Division of Clinical Epidemiology and Aging Research, German Cancer Research Center (DKFZ), Heidelberg, Germany.
Saarland Cancer Registry, Saarbrücken, Germany.
Int J Cancer. 2020 May 15;146(10):2773-2783. doi: 10.1002/ijc.32610. Epub 2019 Aug 29.
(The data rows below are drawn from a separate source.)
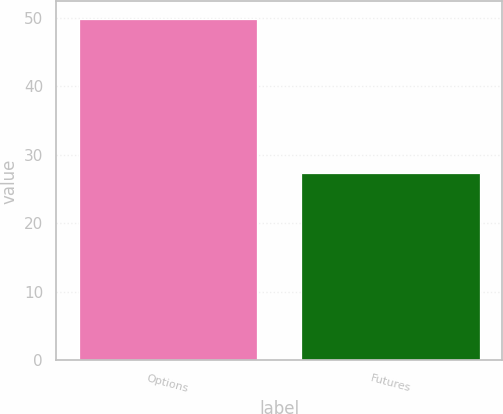Convert chart to OTSL. <chart><loc_0><loc_0><loc_500><loc_500><bar_chart><fcel>Options<fcel>Futures<nl><fcel>49.9<fcel>27.3<nl></chart> 
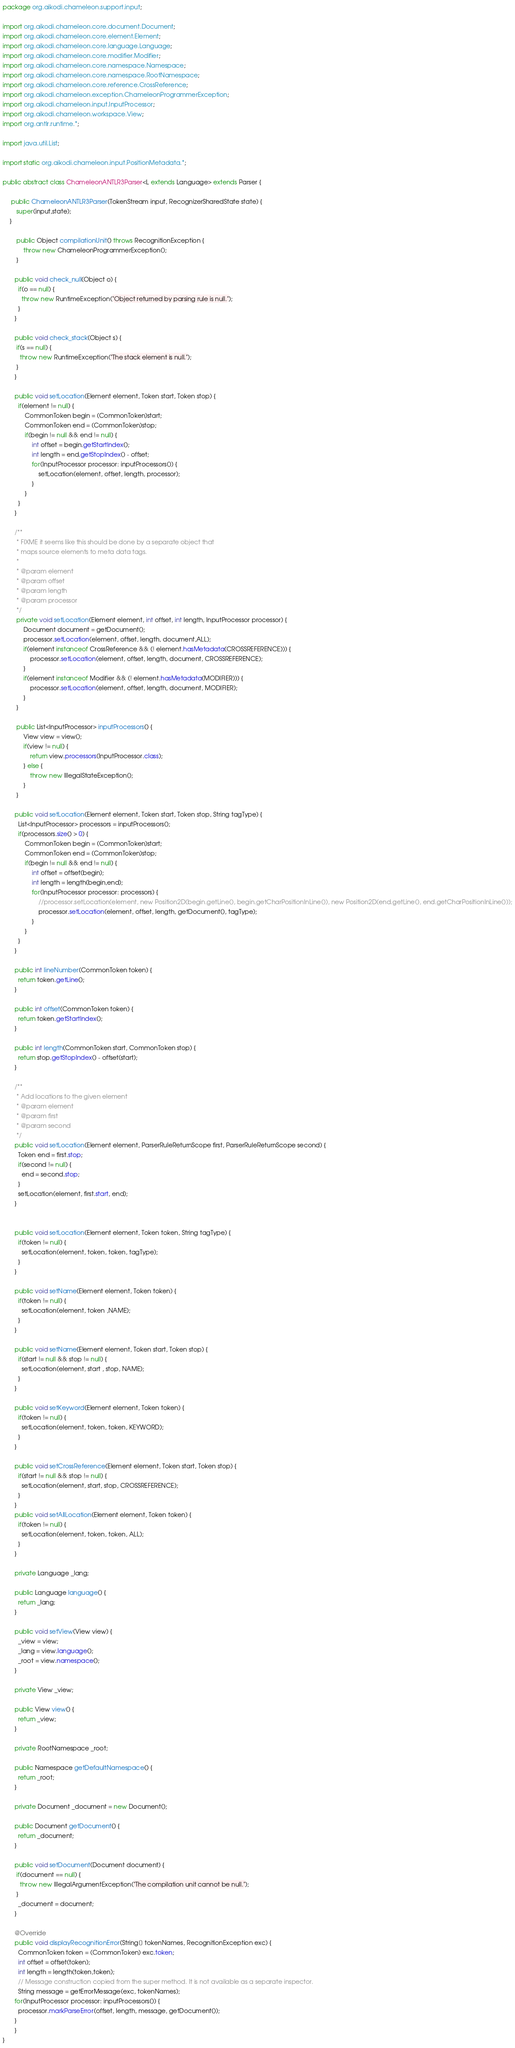Convert code to text. <code><loc_0><loc_0><loc_500><loc_500><_Java_>package org.aikodi.chameleon.support.input;

import org.aikodi.chameleon.core.document.Document;
import org.aikodi.chameleon.core.element.Element;
import org.aikodi.chameleon.core.language.Language;
import org.aikodi.chameleon.core.modifier.Modifier;
import org.aikodi.chameleon.core.namespace.Namespace;
import org.aikodi.chameleon.core.namespace.RootNamespace;
import org.aikodi.chameleon.core.reference.CrossReference;
import org.aikodi.chameleon.exception.ChameleonProgrammerException;
import org.aikodi.chameleon.input.InputProcessor;
import org.aikodi.chameleon.workspace.View;
import org.antlr.runtime.*;

import java.util.List;

import static org.aikodi.chameleon.input.PositionMetadata.*;

public abstract class ChameleonANTLR3Parser<L extends Language> extends Parser {
	
	 public ChameleonANTLR3Parser(TokenStream input, RecognizerSharedState state) {
		super(input,state);
	}

		public Object compilationUnit() throws RecognitionException {
			throw new ChameleonProgrammerException();
		}

	   public void check_null(Object o) {
	     if(o == null) {
	       throw new RuntimeException("Object returned by parsing rule is null.");
	     }
	   }
	   
	   public void check_stack(Object s) {
	    if(s == null) {
	      throw new RuntimeException("The stack element is null.");
	    }
	   }

	   public void setLocation(Element element, Token start, Token stop) {
	  	 if(element != null) {
	  		 CommonToken begin = (CommonToken)start;
	  		 CommonToken end = (CommonToken)stop;
	  		 if(begin != null && end != null) {
	  			 int offset = begin.getStartIndex();
	  			 int length = end.getStopIndex() - offset;
	  			 for(InputProcessor processor: inputProcessors()) {
	  				 setLocation(element, offset, length, processor);
	  			 }
	  		 }
	  	 }
	   }

	   /**
	    * FIXME it seems like this should be done by a separate object that
	    * maps source elements to meta data tags.
	    * 
	    * @param element
	    * @param offset
	    * @param length
	    * @param processor
	    */
		private void setLocation(Element element, int offset, int length, InputProcessor processor) {
			Document document = getDocument();
			processor.setLocation(element, offset, length, document,ALL);
			if(element instanceof CrossReference && (! element.hasMetadata(CROSSREFERENCE))) {
				processor.setLocation(element, offset, length, document, CROSSREFERENCE);
			}
			if(element instanceof Modifier && (! element.hasMetadata(MODIFIER))) {
				processor.setLocation(element, offset, length, document, MODIFIER);
			}
		}
	   
		public List<InputProcessor> inputProcessors() {
			View view = view();
			if(view != null) {
				return view.processors(InputProcessor.class);
			} else {
				throw new IllegalStateException();
			}
		}

	   public void setLocation(Element element, Token start, Token stop, String tagType) {
	     List<InputProcessor> processors = inputProcessors();
	     if(processors.size() > 0) {
	    	 CommonToken begin = (CommonToken)start;
	    	 CommonToken end = (CommonToken)stop;
	    	 if(begin != null && end != null) {
	    		 int offset = offset(begin);
	    		 int length = length(begin,end);
	    		 for(InputProcessor processor: processors) {
	    			 //processor.setLocation(element, new Position2D(begin.getLine(), begin.getCharPositionInLine()), new Position2D(end.getLine(), end.getCharPositionInLine()));
	    			 processor.setLocation(element, offset, length, getDocument(), tagType);
	    		 }
	    	 }
	     }
	   }
	   
	   public int lineNumber(CommonToken token) {
	  	 return token.getLine();
	   }
	   
	   public int offset(CommonToken token) {
	  	 return token.getStartIndex();
	   }
	   
	   public int length(CommonToken start, CommonToken stop) {
	  	 return stop.getStopIndex() - offset(start);
	   }
	   
	   /**
	    * Add locations to the given element
	    * @param element
	    * @param first
	    * @param second
	    */
	   public void setLocation(Element element, ParserRuleReturnScope first, ParserRuleReturnScope second) {
	     Token end = first.stop;
	     if(second != null) {
	       end = second.stop;
	     }
	     setLocation(element, first.start, end);
	   }
	   
	   
	   public void setLocation(Element element, Token token, String tagType) {
	     if(token != null) {
	       setLocation(element, token, token, tagType);
	     }
	   }
	   
	   public void setName(Element element, Token token) {
	  	 if(token != null) {
	  	   setLocation(element, token ,NAME);
	  	 }
	   }
	   
	   public void setName(Element element, Token start, Token stop) {
	  	 if(start != null && stop != null) {
	  	   setLocation(element, start , stop, NAME);
	  	 }
	   }
	   	   
	   public void setKeyword(Element element, Token token) {
	     if(token != null) {
	       setLocation(element, token, token, KEYWORD);
	     }
	   }
	   
	   public void setCrossReference(Element element, Token start, Token stop) {
	     if(start != null && stop != null) {
	       setLocation(element, start, stop, CROSSREFERENCE);
	     }
	   }
	   public void setAllLocation(Element element, Token token) {
	     if(token != null) {
	       setLocation(element, token, token, ALL);
	     }
	   }
	   
	   private Language _lang;
	   
	   public Language language() {
	     return _lang;
	   }
	   
	   public void setView(View view) {
	  	 _view = view;
	     _lang = view.language();
	     _root = view.namespace();
	   }
	   
	   private View _view;
	   
	   public View view() {
	  	 return _view;
	   }
	   
	   private RootNamespace _root;

	   public Namespace getDefaultNamespace() {
	     return _root;
	   }

	   private Document _document = new Document();
	   
	   public Document getDocument() {
	     return _document;
	   }
	   
	   public void setDocument(Document document) {
	    if(document == null) {
	      throw new IllegalArgumentException("The compilation unit cannot be null.");
	    }
	     _document = document;
	   }
	   
	   @Override
	   public void displayRecognitionError(String[] tokenNames, RecognitionException exc) {
	   	 CommonToken token = (CommonToken) exc.token;
	   	 int offset = offset(token);
	   	 int length = length(token,token);
	   	 // Message construction copied from the super method. It is not available as a separate inspector.
	   	 String message = getErrorMessage(exc, tokenNames);
       for(InputProcessor processor: inputProcessors()) {
      	 processor.markParseError(offset, length, message, getDocument());
       }
	   }
}
</code> 
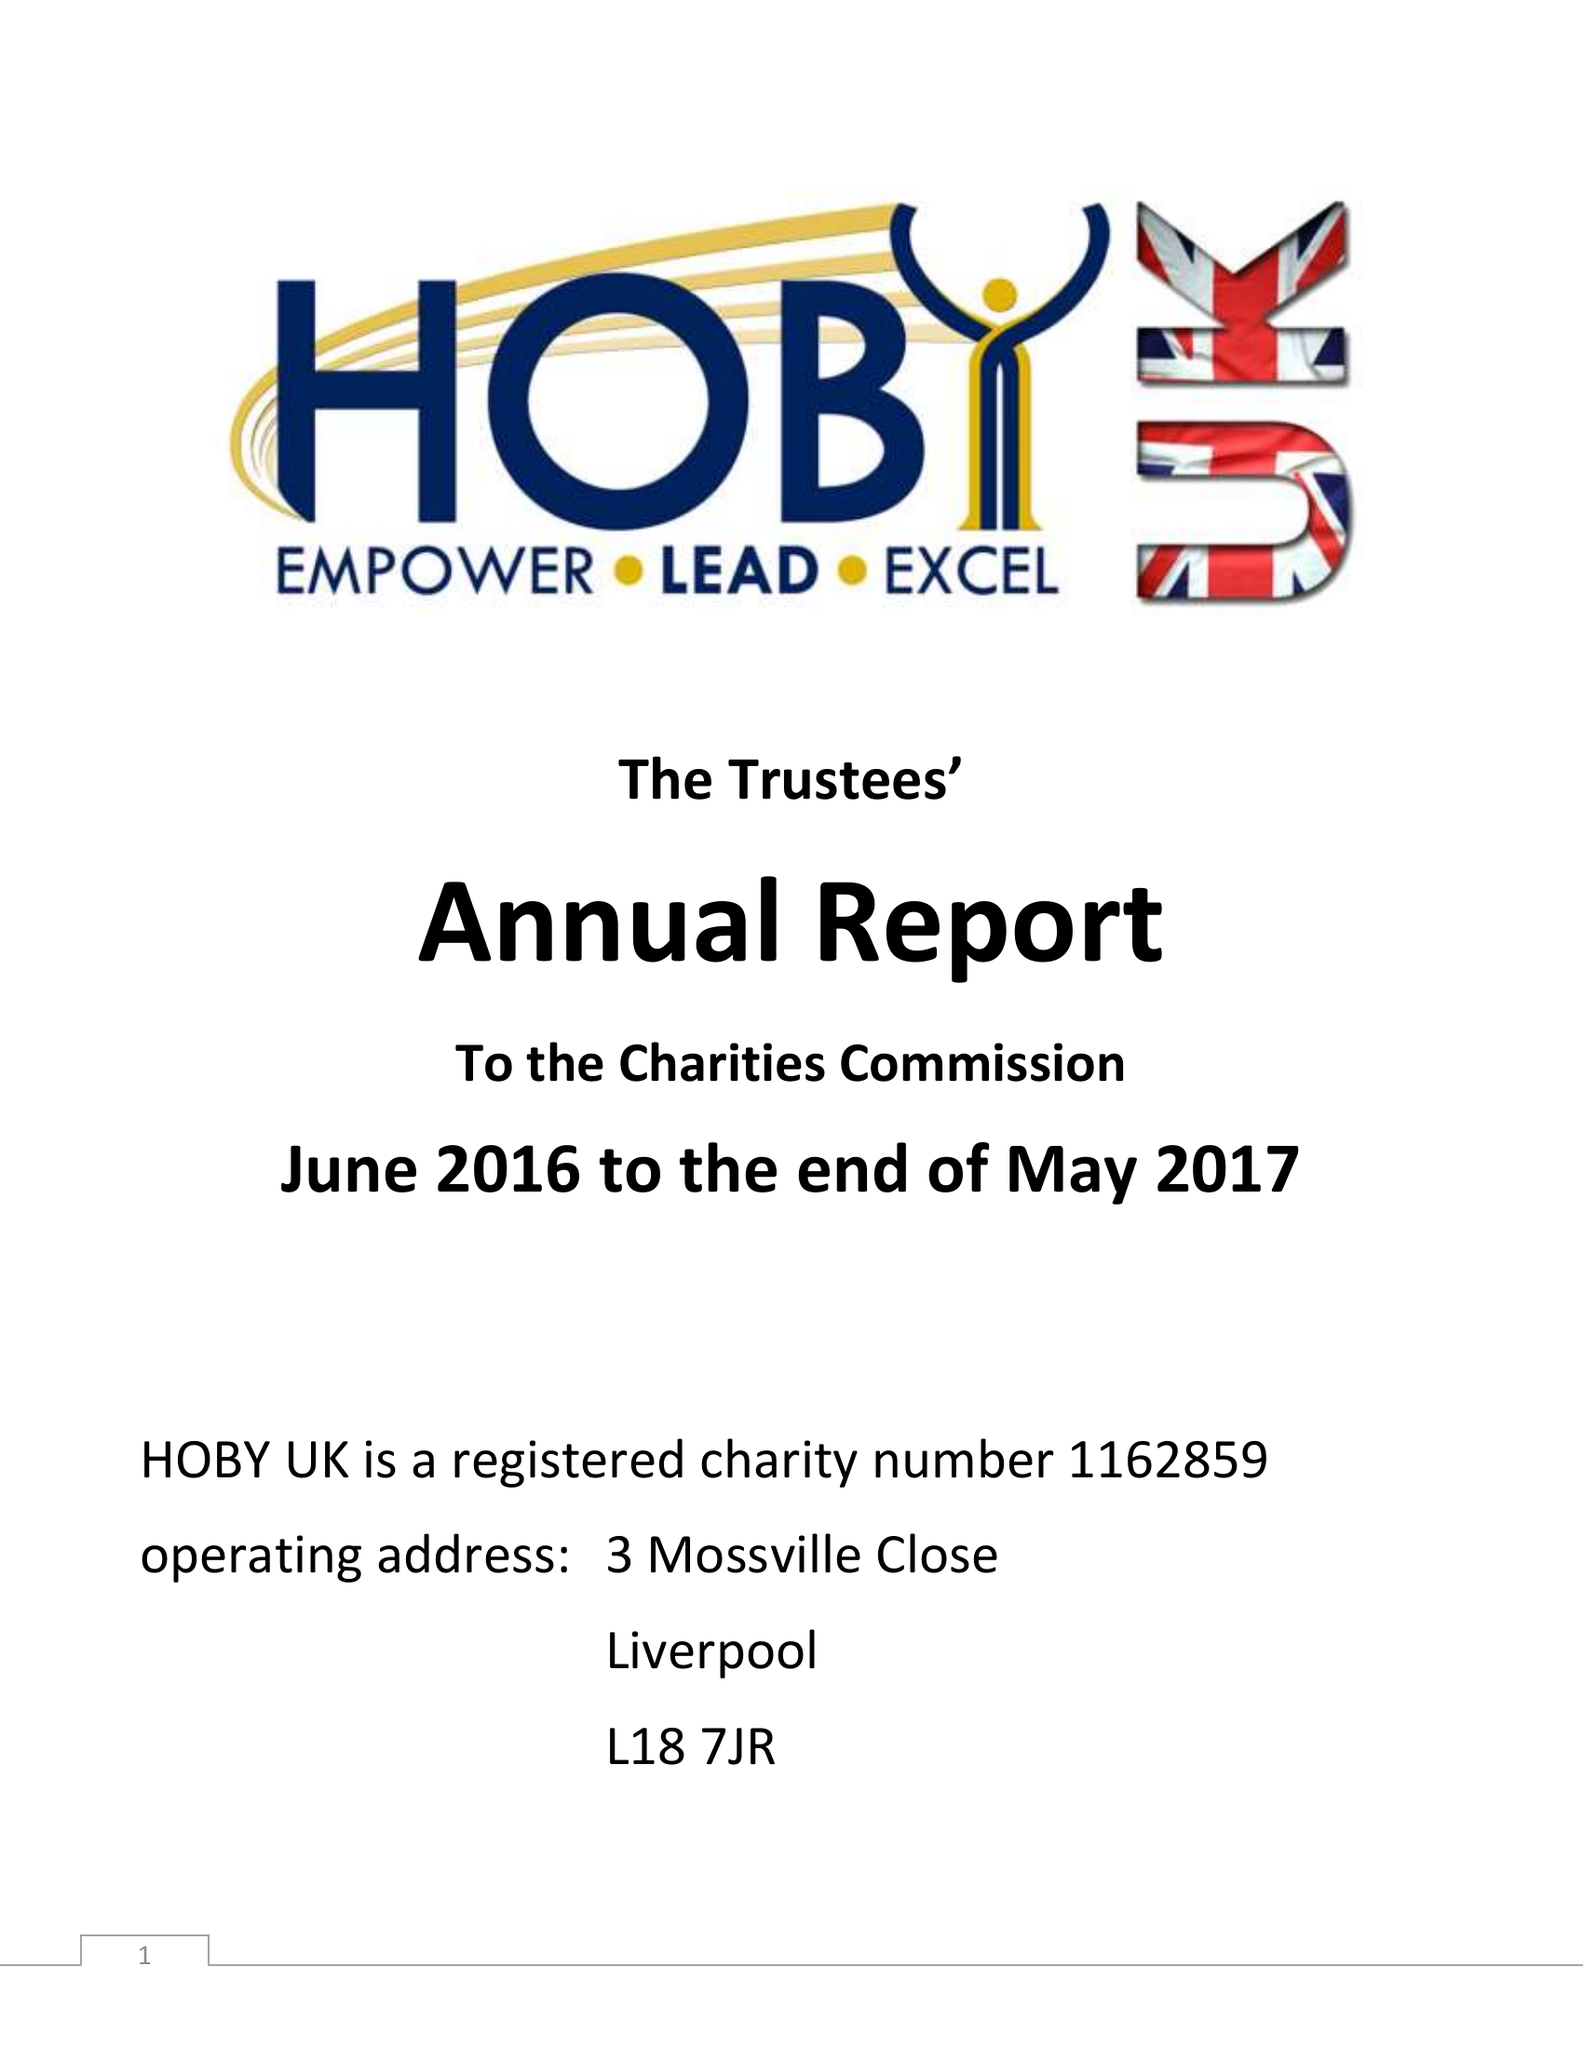What is the value for the income_annually_in_british_pounds?
Answer the question using a single word or phrase. 15138.40

Helicobacter pylori (H. pylori) infection is considered as principal cause of gastric cancer. It is further associated with a reduced risk of esophageal adenocarcinomas. In a large prospective population-based cohort study including 9,949 subjects with average observation time of 13.8 years, we assessed the risk of invasive gastric and esophageal cancer according to H. pylori infection and presence of chronic atrophic gastritis (CAG). Incidence rates and hazard ratios (HR) derived by Cox proportional hazards models and adjusted for relevant confounders were derived by seroprevalence of H. pylori and cytotoxin-associated gene A (CagA) antibodies and presence of CAG based on serological markers at baseline, respectively. During follow-up, 30 cases of noncardia gastric cancer and 33 cases of esophageal cancer were observed. Infection by H. pylori without and with expression of CagA was associated with a 5.2-fold (95% confidence interval 1.00-27.1) and an 18.2-fold (4.3-77.4) increase of noncardia gastric cancer incidence. A 0.65-fold decreased risk of esophageal adenocarcinomas (HR 0.35, 0.12-0.97) was observed among H. pylori-infected individuals. In participants infected with CagA expressed H. pylori, the presence of mild/moderate and severe CAG was associated with a 6.4-fold (1.3-31.0) and an 11.8-fold (3.1-45.4) increase of gastric cancer incidence, respectively. The results of this prospective population-based cohort study may contribute relevant evidence to the ongoing research of H. pylori-related cancers. The results may furthermore enhance the empirical basis for risk stratification among H. pylori-infected people and for recommendations regarding H. pylori screening and treatment among older adults in a Western population.
幽门螺杆菌(H. pylori)感染被认为是胃癌的主要病因。它还与食管腺癌风险降低有关。在一项包括 9949 名受试者的大型前瞻性基于人群的队列研究中,我们根据 H. pylori 感染和慢性萎缩性胃炎(CAG)的存在评估了侵袭性胃癌和食管癌的风险。通过 Cox 比例风险模型得出的发病率和风险比(HR),并根据基线时血清学标志物的 H. pylori 和细胞毒素相关基因 A(CagA)抗体的血清阳性率以及 CAG 的存在进行了调整。在随访期间,观察到 30 例非贲门胃癌和 33 例食管癌。未表达 CagA 的 H. pylori 感染和表达 CagA 的 H. pylori 感染与非贲门胃癌发病率分别增加 5.2 倍(95%置信区间 1.00-27.1)和 18.2 倍(4.3-77.4)相关。在感染 H. pylori 的个体中,观察到食管腺癌风险降低 0.65 倍(HR 0.35,0.12-0.97)。在感染 CagA 表达 H. pylori 的参与者中,轻度/中度和重度 CAG 的存在与胃癌发病率分别增加 6.4 倍(1.3-31.0)和 11.8 倍(3.1-45.4)相关。这项前瞻性基于人群的队列研究的结果可能为正在进行的 H. pylori 相关癌症研究提供相关证据。此外,这些结果还可以为 H. pylori 感染人群的风险分层以及西方人群中老年人群 H. pylori 筛查和治疗的建议提供更多的经验依据。